**Information provided**
- Opening Delimiter -
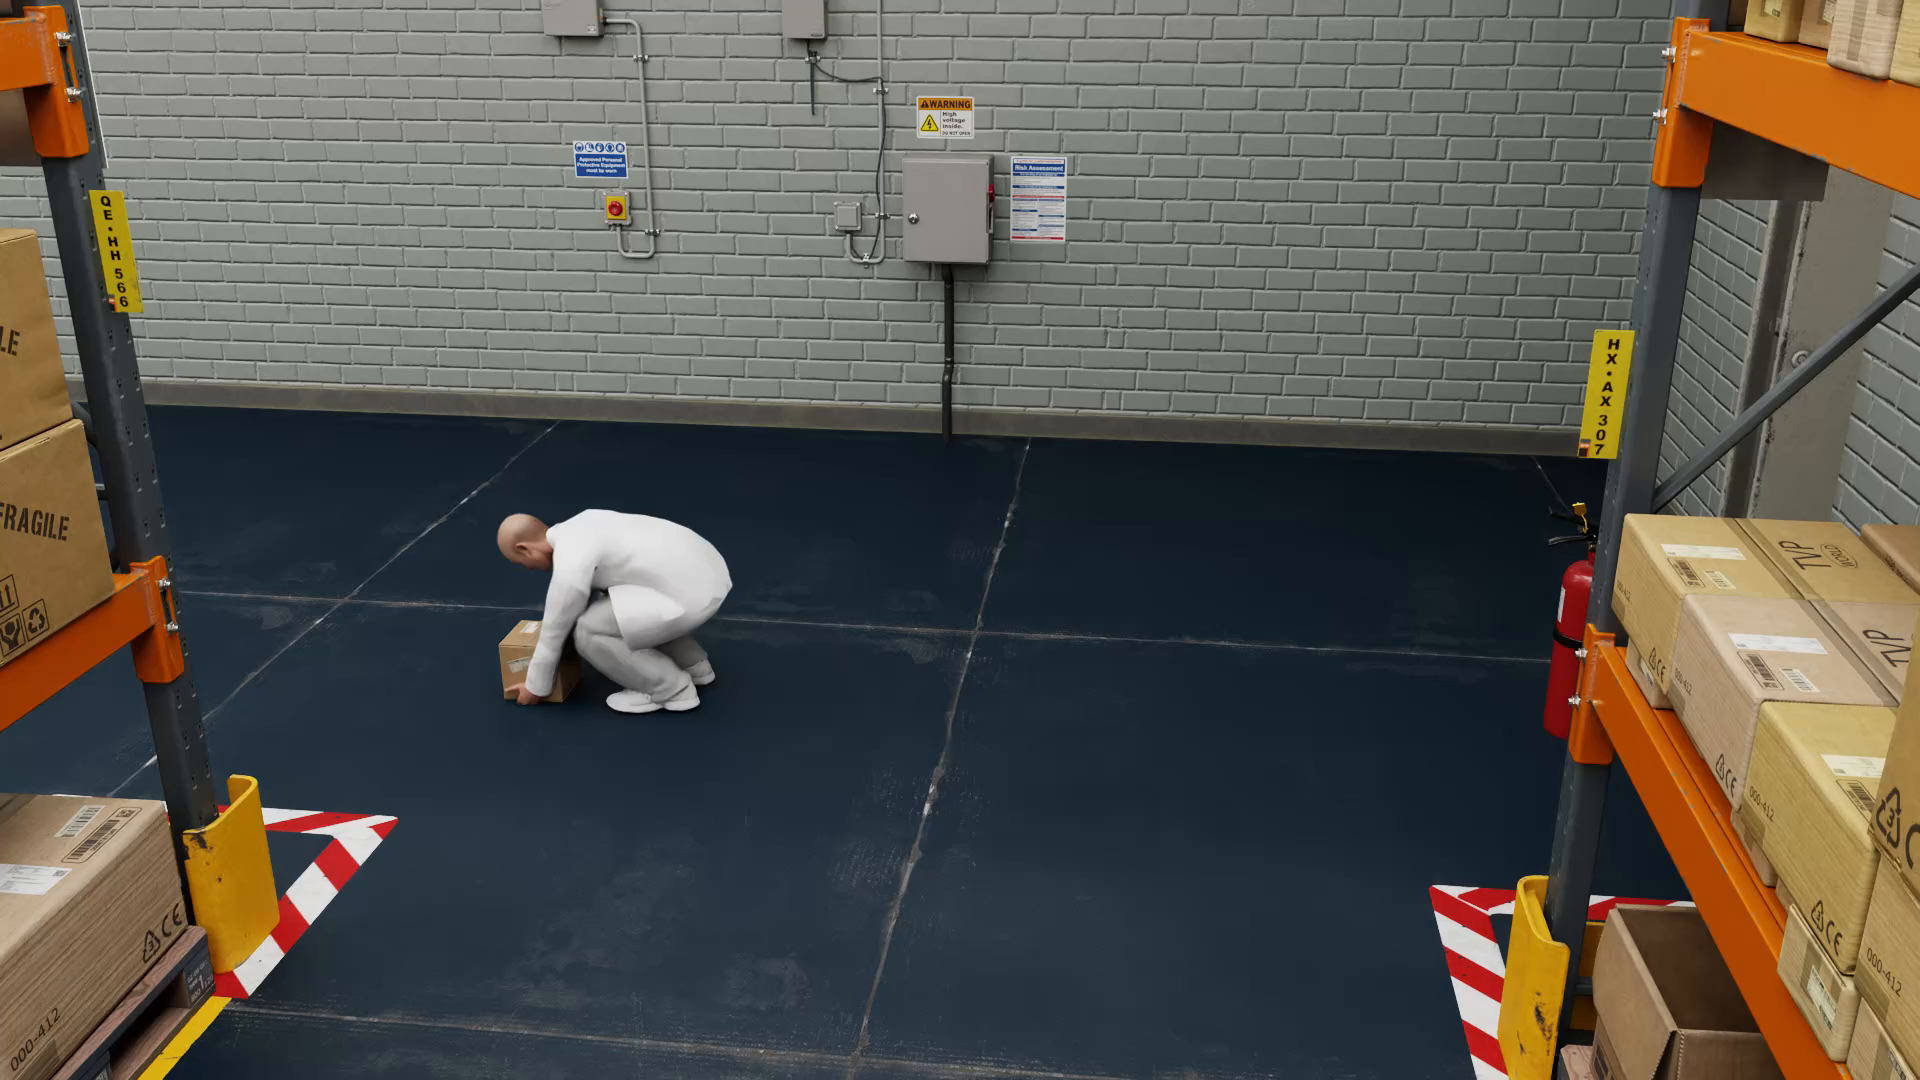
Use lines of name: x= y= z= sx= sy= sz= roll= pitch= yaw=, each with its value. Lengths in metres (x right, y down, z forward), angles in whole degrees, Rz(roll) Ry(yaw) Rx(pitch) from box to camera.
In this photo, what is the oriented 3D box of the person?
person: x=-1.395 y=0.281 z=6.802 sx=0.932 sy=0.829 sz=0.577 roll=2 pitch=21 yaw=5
- Closing Delimiter -
**Activity**
Apart from the pictures, the whole listing should be reproduced exactly.

**Problem solution**
Use lines of name: x= y= z= sx= sy= sz= roll= pitch= yaw=, each with its value. Lengths in metres (x right, y down, z forward), angles in whole degrees, Rz(roll) Ry(yaw) Rx(pitch) from box to camera.
In this photo, what is the oriented 3D box of the person?
person: x=-1.395 y=0.281 z=6.802 sx=0.932 sy=0.829 sz=0.577 roll=2 pitch=21 yaw=5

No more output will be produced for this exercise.